Keep the text of the data exactly as it is and omit each picture from the copy.

Data in this exercise Start Marker

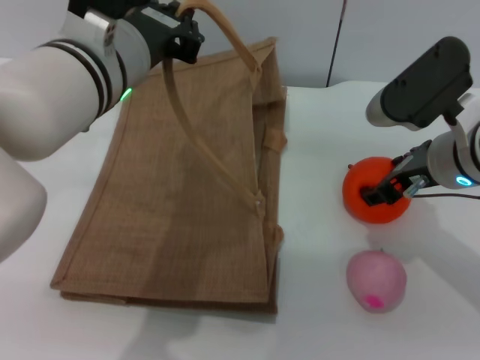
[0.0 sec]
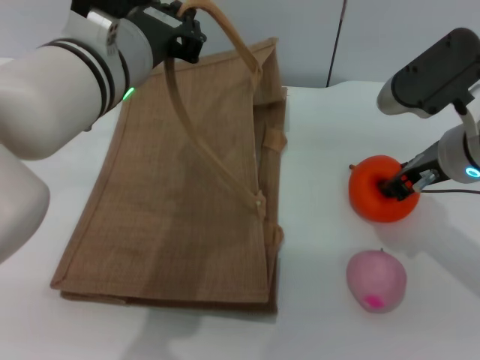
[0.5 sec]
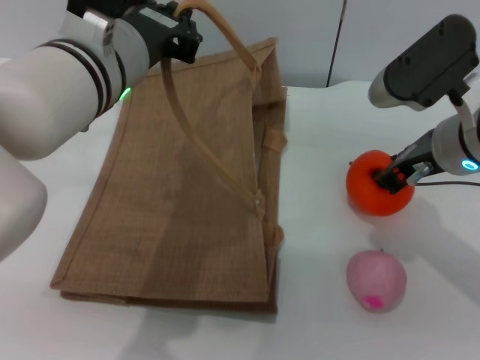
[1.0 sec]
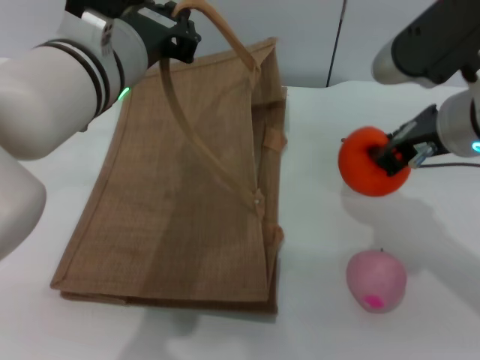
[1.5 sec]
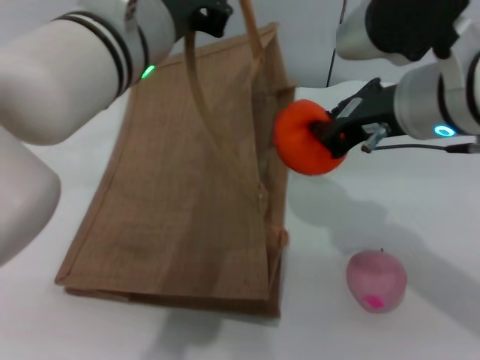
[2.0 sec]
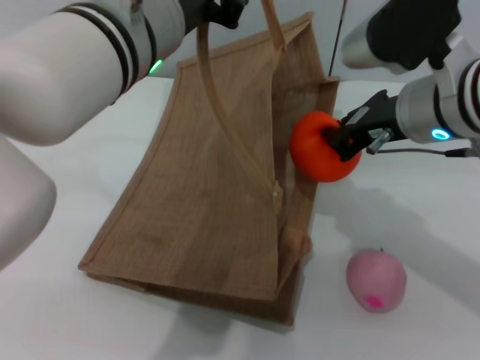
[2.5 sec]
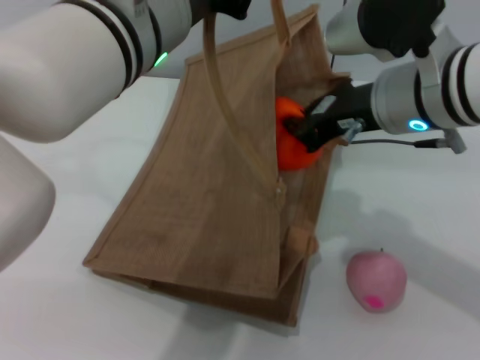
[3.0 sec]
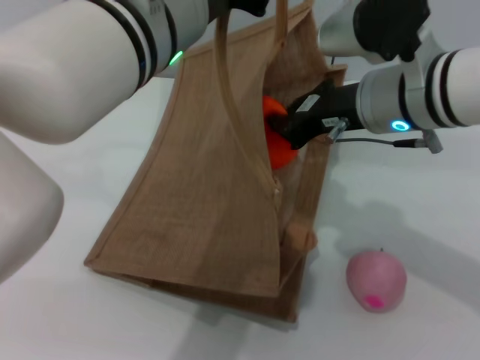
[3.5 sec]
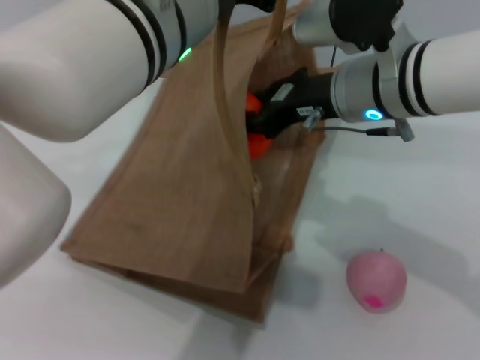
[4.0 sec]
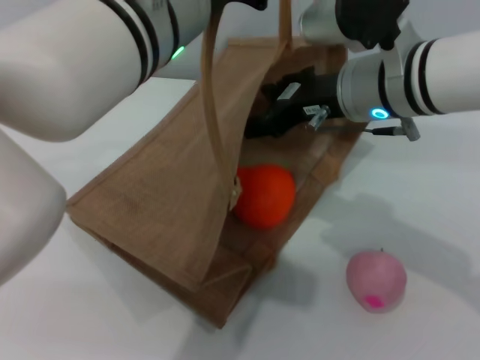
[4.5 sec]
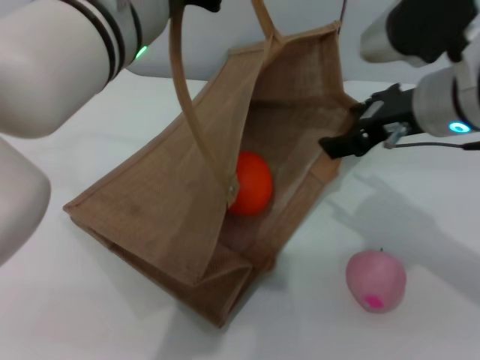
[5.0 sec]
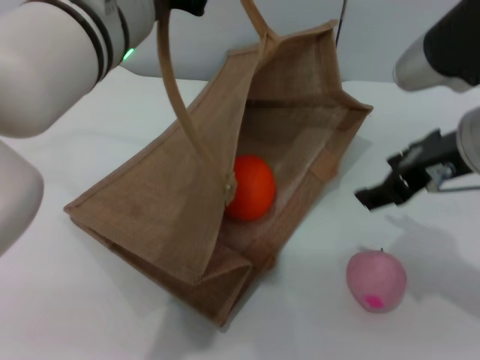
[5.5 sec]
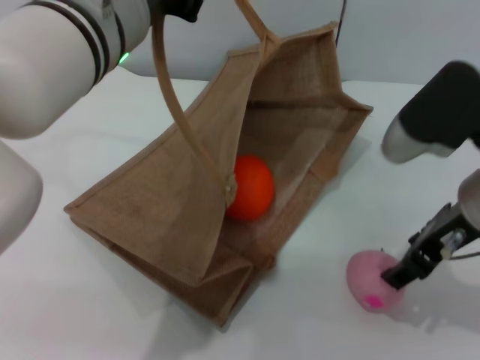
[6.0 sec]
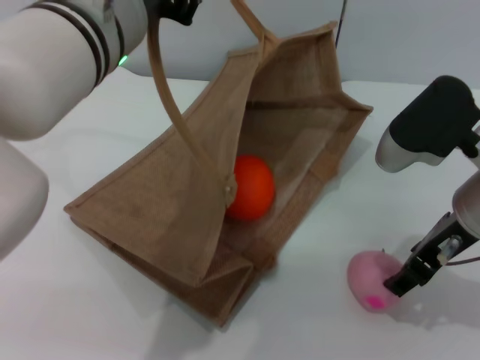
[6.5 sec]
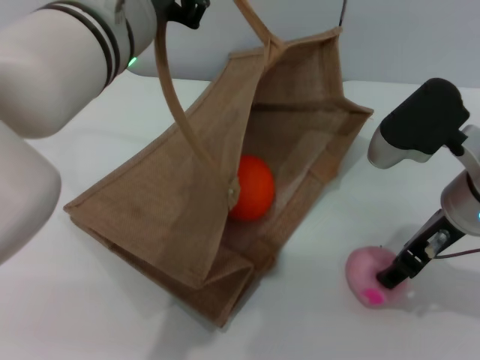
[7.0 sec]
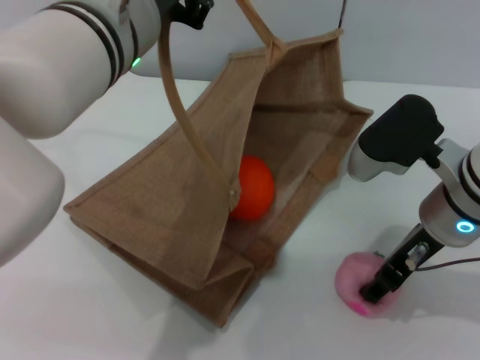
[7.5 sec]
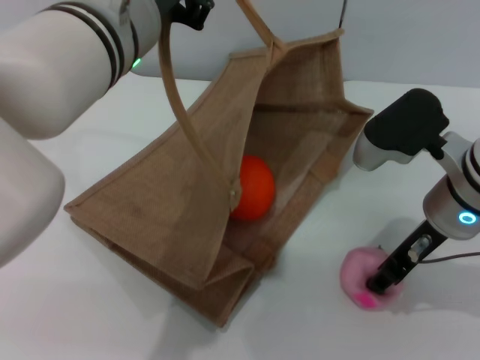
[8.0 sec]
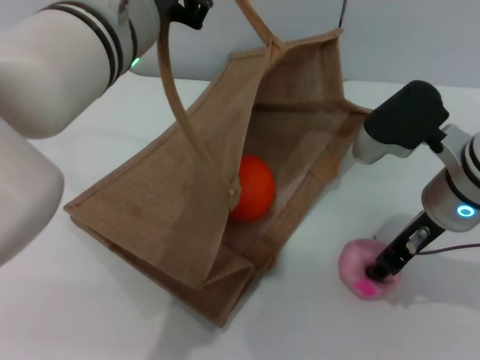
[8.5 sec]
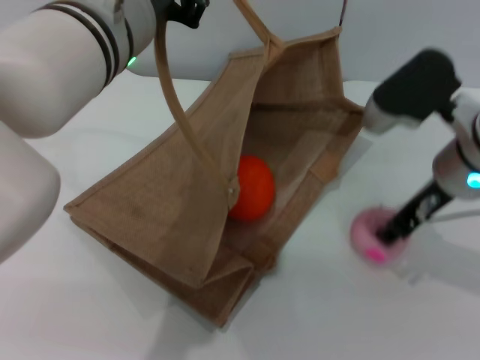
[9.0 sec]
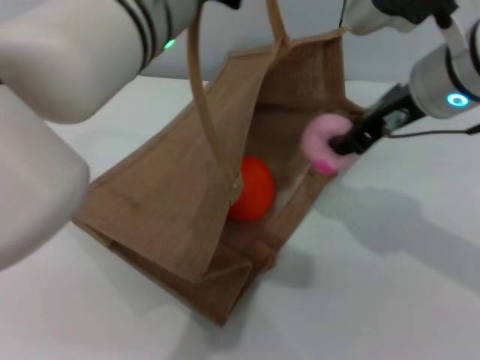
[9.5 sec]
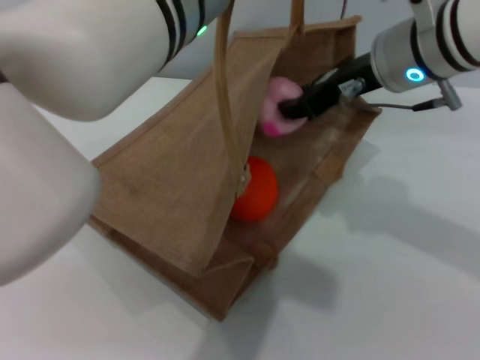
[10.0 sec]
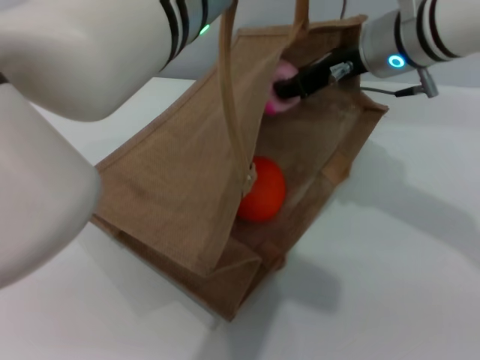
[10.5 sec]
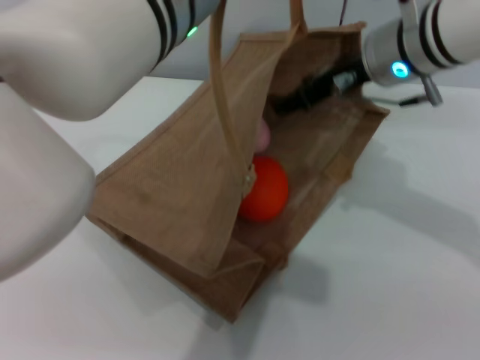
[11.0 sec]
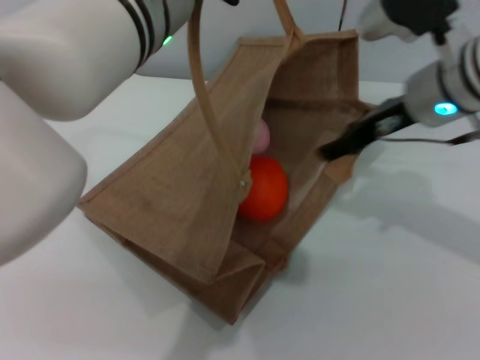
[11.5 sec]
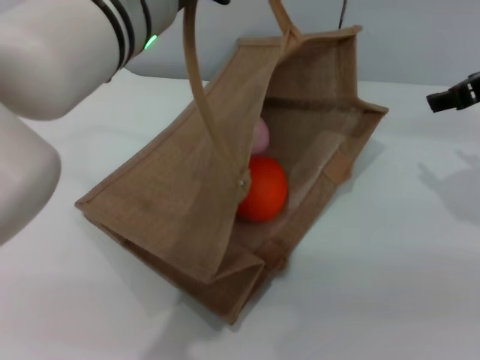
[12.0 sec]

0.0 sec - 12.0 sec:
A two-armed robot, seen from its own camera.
Task of the whole recording: pick up the orange and peach from the table and place it in the brown handbag.
Step, 1.5 sec - 4.5 sec: Place the orange into the woven bag with the right gripper.
Step, 5.0 sec - 8.5 sec: Pick up the peach with the right gripper.
Step, 9.0 sec - 11.0 sec: Place the peach into the woven bag with the right gripper.
0.0 sec - 2.0 sec: The right gripper is displaced upward by approximately 10 cm, and closes.
2.0 sec - 4.0 sec: The right gripper moves some 5 cm.
4.0 sec - 6.0 sec: The right gripper travels to the right and backward by approximately 10 cm, and opens its fingers.
6.0 sec - 8.0 sec: The right gripper ends up about 5 cm from where it was.
8.0 sec - 10.0 sec: The left gripper ends up about 5 cm from where it was. The right gripper goes approximately 10 cm upward and forward, and closes its fingers.
10.0 sec - 12.0 sec: The right gripper travels to the right by about 10 cm, and opens.

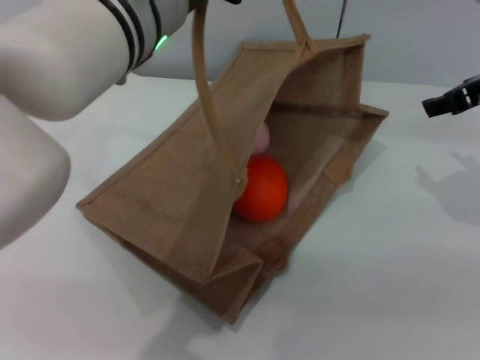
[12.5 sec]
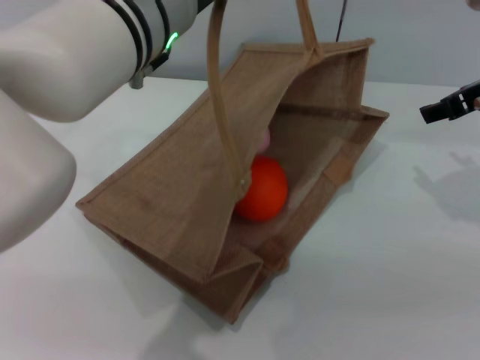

Data in this exercise End Marker

* _Response to the exercise_
[0.0 sec]
[0.5 sec]
[1.0 sec]
[1.5 sec]
[2.0 sec]
[2.5 sec]
[3.0 sec]
[3.5 sec]
[4.0 sec]
[4.5 sec]
[5.0 sec]
[5.5 sec]
[6.0 sec]
[6.5 sec]
[7.0 sec]
[7.5 sec]
[8.0 sec]
[8.5 sec]
[9.0 sec]
[9.5 sec]
[10.0 sec]
[10.5 sec]
[11.0 sec]
[11.5 sec]
[12.0 sec]

0.0 sec - 12.0 sec:
A two-armed robot, seen from its own camera.
Task of the whole recording: pick up the orange and peach from the table and place it in the brown handbag.
Step, 1.5 sec - 4.5 sec: Place the orange into the woven bag with the right gripper.
Step, 5.0 sec - 8.5 sec: Pick up the peach with the right gripper.
Step, 9.0 sec - 11.0 sec: Place the peach into the woven bag with the right gripper.
0.0 sec - 2.0 sec: The right gripper is displaced upward by approximately 10 cm, and closes.
2.0 sec - 4.0 sec: The right gripper moves some 5 cm.
4.0 sec - 6.0 sec: The right gripper travels to the right and backward by approximately 10 cm, and opens its fingers.
6.0 sec - 8.0 sec: The right gripper ends up about 5 cm from where it was.
8.0 sec - 10.0 sec: The left gripper ends up about 5 cm from where it was. The right gripper goes approximately 10 cm upward and forward, and closes its fingers.
10.0 sec - 12.0 sec: The right gripper travels to the right by about 10 cm, and opens.

[12.5 sec]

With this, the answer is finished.